Leçon #3: Le principe d’alternance accumulation/intensification

Le modèle de base de Roy impose tout d’abord un stress de volume (phase d’accumulation), puis alterne avec un stress d’intensité (phase d’intensification). Ce modèle fonctionne autant pour les athlètes qui désirent développer leur force maximale que pour les culturistes qui veulent le plus de gains musculaires possibles.

Le modèle de périodisation en vogue en Amérique du Nord est de graduellement diminuer les répétitions par étapes successives étalées sur une longue période. Voici un exemple type d’un tel système :

Semaines 1-4 : 10 répétitions
Semaines 5-8 : 5 répétitions
Semaines 9-12 : 1-3 répétitions

En dehors du manque de variété de ce programme, la plupart des gains en masse musculaire fait durant le premier mois ont disparus vers le troisième mois. Voici une meilleure alternative :

Semaines 1-2 : 8 répétitions
Semaines 3-4 : 4 répétitions
Semaines 5-6 : 6 répétitions
Semaines 7-8 : 2-3 répétitions
Semaines 9-10 : 5 répétitions
Semaines 11-12 : 1-2 répétitions

En faisant des cycles de répétitions plus élevés pendant ce programme, l’athlète peut garder ses gains en hypertrophie durant toute la durée de ce même programme. De plus, ces périodes de répétitions plus élevées fournissent suffisamment de temps pour que le système nerveux puisse récupérer de l’intensité des périodes de basses répétitions.


Leçon #4 : Soulever de terre sur podium avec prise d’arraché

Roy m’a appris cet excellent exercice qui est l’un des plus payants qui existe, et je l’ai utilisé avec pratiquement tous les médaillés olympiques que j’ai entraînés. Le soulever de terre sur podium avec prise d’arraché est définitivement l’un des meilleurs exercices pour l’entraînement de la région lombaire. Les gains en force acquis sur cet exercice se manifestent toujours en une amélioration du temps sur 10 mètres d’un athlète, qui est un indicateur majeur du potentiel de l’athlète à être un joueur d’importance dans la plupart des sports pros.

Une de raisons de l’efficacité de cet exercice est qu’il fait travailler les groupes musculaires principaux du bas du corps sur une plus grande amplitude de mouvement.

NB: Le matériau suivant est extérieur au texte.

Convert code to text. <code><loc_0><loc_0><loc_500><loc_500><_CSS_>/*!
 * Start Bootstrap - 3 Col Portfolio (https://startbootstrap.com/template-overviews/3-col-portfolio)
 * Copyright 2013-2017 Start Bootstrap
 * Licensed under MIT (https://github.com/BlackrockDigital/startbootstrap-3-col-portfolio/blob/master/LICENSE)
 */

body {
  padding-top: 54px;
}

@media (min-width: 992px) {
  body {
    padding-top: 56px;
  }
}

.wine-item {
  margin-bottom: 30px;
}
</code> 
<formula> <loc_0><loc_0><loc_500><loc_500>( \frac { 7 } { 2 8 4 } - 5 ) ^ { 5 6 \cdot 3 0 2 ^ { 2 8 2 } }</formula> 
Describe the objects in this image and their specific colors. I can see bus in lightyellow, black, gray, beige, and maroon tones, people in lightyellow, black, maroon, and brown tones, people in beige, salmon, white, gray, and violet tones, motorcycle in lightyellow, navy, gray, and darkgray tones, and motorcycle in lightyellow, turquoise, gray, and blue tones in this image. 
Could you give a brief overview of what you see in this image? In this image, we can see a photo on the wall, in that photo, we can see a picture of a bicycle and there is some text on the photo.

Cela est rendu possible parce que l’athlète est debout sur une plateforme basse (entre 10 et 15 centimètres) et utilise une poigne plus large (arraché.) La légende Russe de l’haltérophile Vasily Alexeev estimait beaucoup ce type d’exercice, mais au lieu de se tenir sur un podium, il utilisait à la place des plaques de plus petits diamètre pour augmenter l’amplitude de mouvement.

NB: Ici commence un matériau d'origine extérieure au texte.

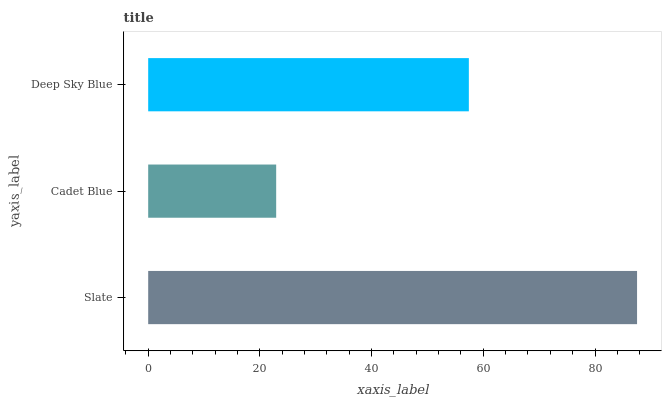Is Cadet Blue the minimum?
Answer yes or no. Yes. Is Slate the maximum?
Answer yes or no. Yes. Is Deep Sky Blue the minimum?
Answer yes or no. No. Is Deep Sky Blue the maximum?
Answer yes or no. No. Is Deep Sky Blue greater than Cadet Blue?
Answer yes or no. Yes. Is Cadet Blue less than Deep Sky Blue?
Answer yes or no. Yes. Is Cadet Blue greater than Deep Sky Blue?
Answer yes or no. No. Is Deep Sky Blue less than Cadet Blue?
Answer yes or no. No. Is Deep Sky Blue the high median?
Answer yes or no. Yes. Is Deep Sky Blue the low median?
Answer yes or no. Yes. Is Slate the high median?
Answer yes or no. No. Is Slate the low median?
Answer yes or no. No.

Leçon #5 : Le concept de l’équilibre structurel

Tout au long de sa carrière, Pierre a pris pour habitude d’accumuler des donnés afin de déterminer si l’entraînement d’un haltérophile est équilibré, chose qu’il croit essentielle pour qu’un athlète puisse atteindre des résultats maximaux en épaulé-jetté et en arraché. Il est le premier à dire que le concept vient à l’origine de discussions avec des entraîneurs du Bloc de l’Est. D’autres idées semblables dont il m’a fait part est, par exemple, que l’arraché représente 78% du poids de l’épaulé, et que l’on doit être capable de faire deux répétitions d’un squat avant avec le poids de notre meilleur épaulé-jetté.

En utilisant ces données normatives et en l’appliquant à d’autres disciplines, j’ai été à même de déterminé si un athlète était trop fort pour sa vitesse, ou trop lent pour sa force. Ce concept a par la suite servi de base pour établir les normes des autres levers, qui vous seront enseignés dans les niveaux 1 et 2 du PICP. C’est entre autre pourquoi n’importe qui utilisant le Overhead Squat dans un programme de force est un clown. L’arraché représente 56% du meilleur squat, donc pourquoi utiliser une charge aussi ridicule pour les jambes alors que le stress imposé aux épaules est aussi important?
Pierre est un homme très humble, et c’est pourquoi il est très apprécié et aimé des entraîneurs du Bloc de l’Est, qui n’ont jamais hésité à lui donner de précieux trucs sur l’entraînement. Je l’ai souvent dit : Si j’étais un propriétaire d’équipe de la NFL, ou de toutes autres équipes sportives d’importance, Pierre Roy est le premier homme vers qui je me tournerais pour entraîner mes joueurs.